Le Fils prodigue (The Wanderer) de Raoul Walsh - 1925
Est-ce qu'on est d'accord pour reconnaître sans heurter quiconque que la période muette de Raoul Walsh n'est pas sa meilleure ? Si on en croit ce tristounet Fils prodigue, en tout cas, l'adage semble bien se vérifier. Il s'agit d'un récit d'inspiration biblique, faisant rentrer à coups de chausse-pieds la petite histoire (un récit d'initiation et de désillusion amoureuses) dans la Grande (la destruction de Babylone). Jether, un berger un peu cul, rêve d'évasion et de fortune. Il trouvera l'occasion de quitter père, mère, et salopard de frère lors du passage au village de la belle mais vénéneuse Tisha, grande prêtresse d'Ishtar aux yeux tentants mais dangereux. Hop, il s'en va, et trouve dans un premier temps son bonheur dans les ors de Babylone, aux genoux de sa maîtresse. Mais quand celle-ci lui demande d'abjurer sa foi et d'adorer Ishtar, il se rebelle : il veut bien être bonne poire, mais pas parjure. Il fait bien: il y perdra peut-être la considération de sa belle, mais y sauvera sa vie lors du tremblement de terre divin qui rasera la ville.

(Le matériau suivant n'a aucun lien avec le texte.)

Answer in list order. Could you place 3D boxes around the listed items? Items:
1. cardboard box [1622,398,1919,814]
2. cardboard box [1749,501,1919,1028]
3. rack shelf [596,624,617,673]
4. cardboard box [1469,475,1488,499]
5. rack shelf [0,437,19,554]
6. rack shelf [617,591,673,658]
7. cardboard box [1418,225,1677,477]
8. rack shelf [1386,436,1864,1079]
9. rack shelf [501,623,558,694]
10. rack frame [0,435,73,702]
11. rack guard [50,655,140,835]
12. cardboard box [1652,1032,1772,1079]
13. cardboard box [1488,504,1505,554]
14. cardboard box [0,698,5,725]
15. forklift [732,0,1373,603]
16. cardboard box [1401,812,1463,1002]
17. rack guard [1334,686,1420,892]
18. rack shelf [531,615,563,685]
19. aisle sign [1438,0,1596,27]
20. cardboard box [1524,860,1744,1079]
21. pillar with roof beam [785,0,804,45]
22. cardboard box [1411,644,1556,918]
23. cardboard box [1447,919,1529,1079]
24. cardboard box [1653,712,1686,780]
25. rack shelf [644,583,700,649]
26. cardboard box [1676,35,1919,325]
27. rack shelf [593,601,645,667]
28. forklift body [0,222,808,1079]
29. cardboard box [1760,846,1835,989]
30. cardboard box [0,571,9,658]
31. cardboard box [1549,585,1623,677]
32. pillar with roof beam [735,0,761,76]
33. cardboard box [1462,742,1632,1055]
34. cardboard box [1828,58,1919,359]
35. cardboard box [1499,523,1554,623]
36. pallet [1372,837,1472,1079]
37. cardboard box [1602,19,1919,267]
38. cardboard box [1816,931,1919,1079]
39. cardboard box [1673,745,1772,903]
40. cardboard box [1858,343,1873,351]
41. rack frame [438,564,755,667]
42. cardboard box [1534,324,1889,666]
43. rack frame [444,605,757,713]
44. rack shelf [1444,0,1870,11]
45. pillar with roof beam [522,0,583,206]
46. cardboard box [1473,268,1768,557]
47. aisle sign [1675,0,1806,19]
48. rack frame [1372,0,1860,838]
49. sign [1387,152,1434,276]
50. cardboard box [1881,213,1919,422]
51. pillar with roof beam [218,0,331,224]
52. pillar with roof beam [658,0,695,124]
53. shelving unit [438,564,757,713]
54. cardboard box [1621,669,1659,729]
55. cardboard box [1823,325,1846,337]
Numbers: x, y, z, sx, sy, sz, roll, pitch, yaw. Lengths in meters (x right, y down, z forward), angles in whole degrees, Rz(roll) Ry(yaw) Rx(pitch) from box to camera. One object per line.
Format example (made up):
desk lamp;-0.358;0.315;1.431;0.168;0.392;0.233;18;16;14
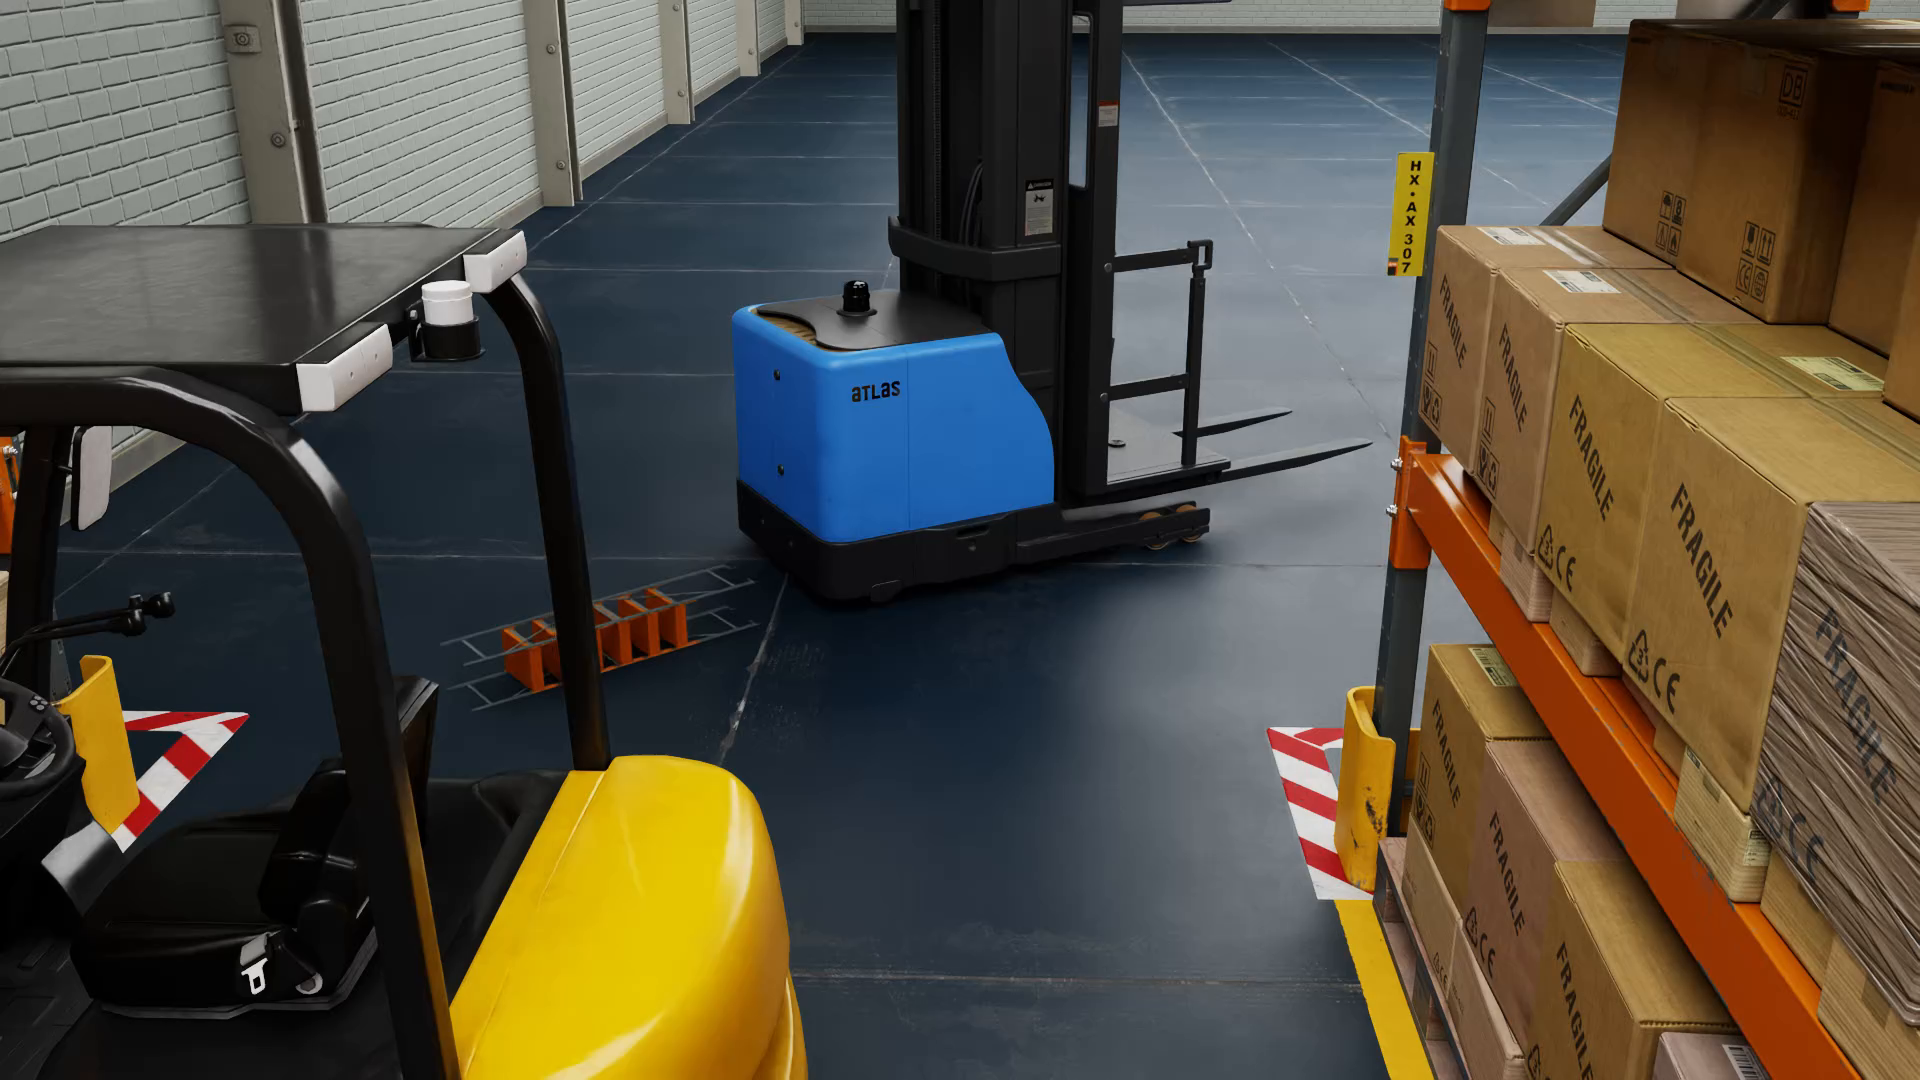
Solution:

Bon, il manque un tiers du film, on a du mal à voir par exemple commet Jethel a fait fortune aussi vite. Mais l'heure qui reste permet quand même de vérifier que Walsh n'avait pas vraiment pris le pli de la modernité du cinéma. Malgré les importants moyens déployés, qui sont en grande partie mis dans les décors, les éléphants et le cataclysme final, le film est platement mis en scène, dans des plans qui sentent encore le théâtre et le sous-fifre au service du studio qui l'emploie. Les acteurs sont mauvais, y compris ce brave Tyrone Power Sr qui joue les pères dignes avec moult yeux au ciel et force imprécations célestes. On note tout de même la venue (salutaire) de Wallace Beery qui joue le sagouin (comme d'hab) avec une conviction qui fait du bien. Mais les deux protagonistes principaux (William Collier et Greta Nissen) mélodramatisent à mort pour faire croire que cette historiette cousue de fil blanc est une tragédie invraisemblable. Tout ça est bien moraliste, jusqu'au retour du fils, en haillons, dans le giron familial, avec le message : il ne faut pas aller à la ville, tout y est gabegie et sexe, mieux vaut rester à garder les moutons dans son bête village. Mouais, on peut espérer mieux en terme de discours de motivation. On aime quand même, allez, ces séquences bigger than life de destruction de la ville, et la direction des figurants en autant de petites fourmis fuyant l'avalanche de pierres qui va les occire. Ça sera tout pour ce film-là.